The process for his beatification led on 3 June 2013 to Pope Francis declaring him Venerable as recognition of his life of heroic virtue. The pope must approve one miracle attributed to him in order for him to be beatified; one such case is now under investigation.

==Life==
João de Oliveira Matos Ferreira was born on 1 March 1879 in Portugal to Antonio de Oliveira Matos Ferreira. He had four brothers and one of those brothers was a priest.

He was ordained to the priesthood on 28 March 1903 and served as a personal assistant to the Archbishop of Braga. From 1920 to 1923 he was the Apostolic Visitor of Guarda. He was appointed as a bishop in the Guarda diocese on 11 December 1922. He was also made a Titular Bishop at the same time and received his episcopal consecration in 1923. He also went on to establish the League of the Servants of Jesus.
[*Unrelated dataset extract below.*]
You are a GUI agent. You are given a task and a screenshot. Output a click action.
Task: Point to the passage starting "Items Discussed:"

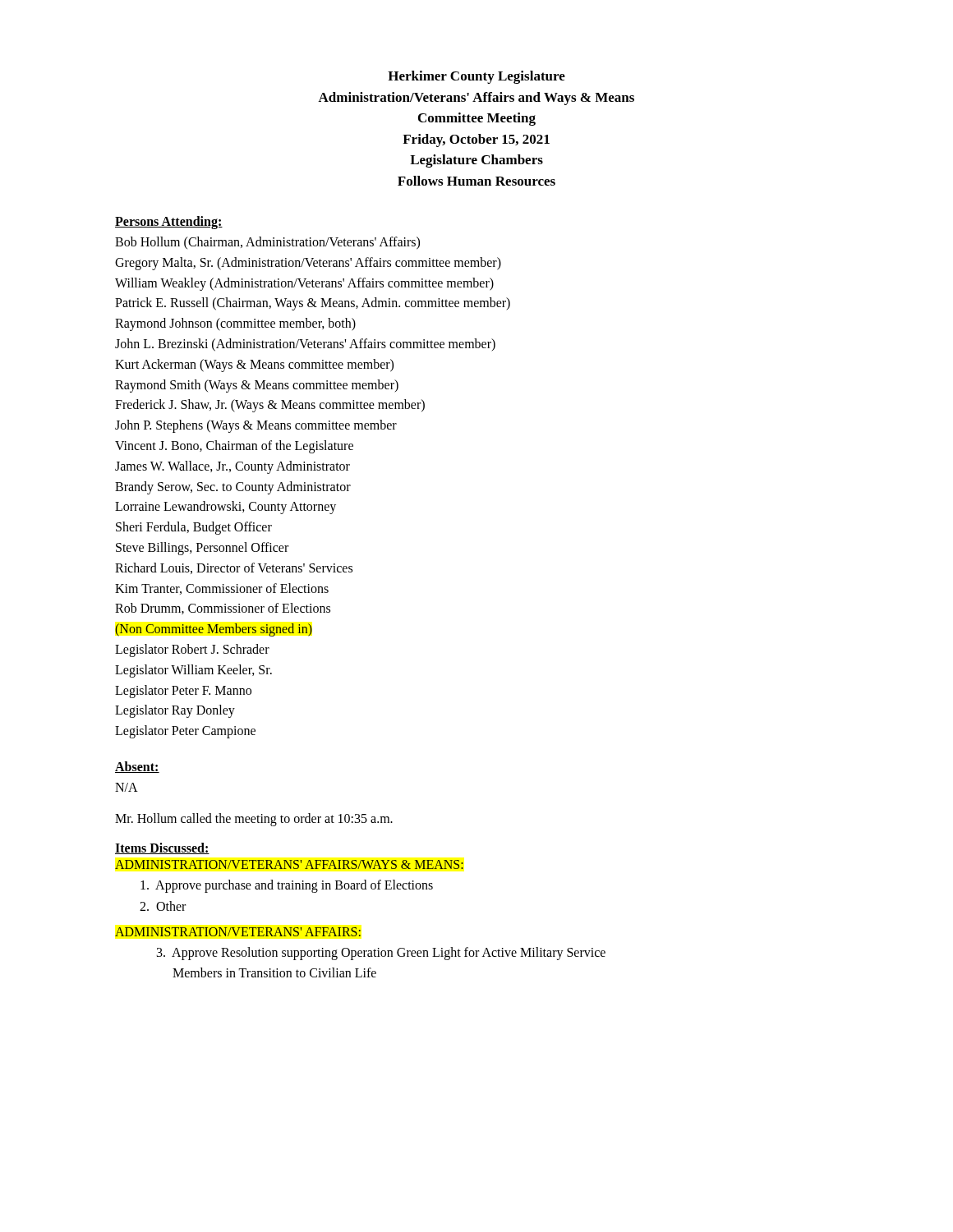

Ferreira died on 29 August 1962.

==Beatification process==
The beatification process commenced on 29 November 1993 in Guarda and the local process spanned from 1994 until 1998; the process was ratified on 13 November 1998. The Positio was then forwarded to the Congregation for the Causes of Saints in Rome in 2008.

Pope Francis approved his life of heroic virtue and proclaimed him to be Venerable on 3 June 2013.

A miracle attributed to him was investigated and the process of investigation closed at the beginning of 2010. It was ratified on 19 November 2010.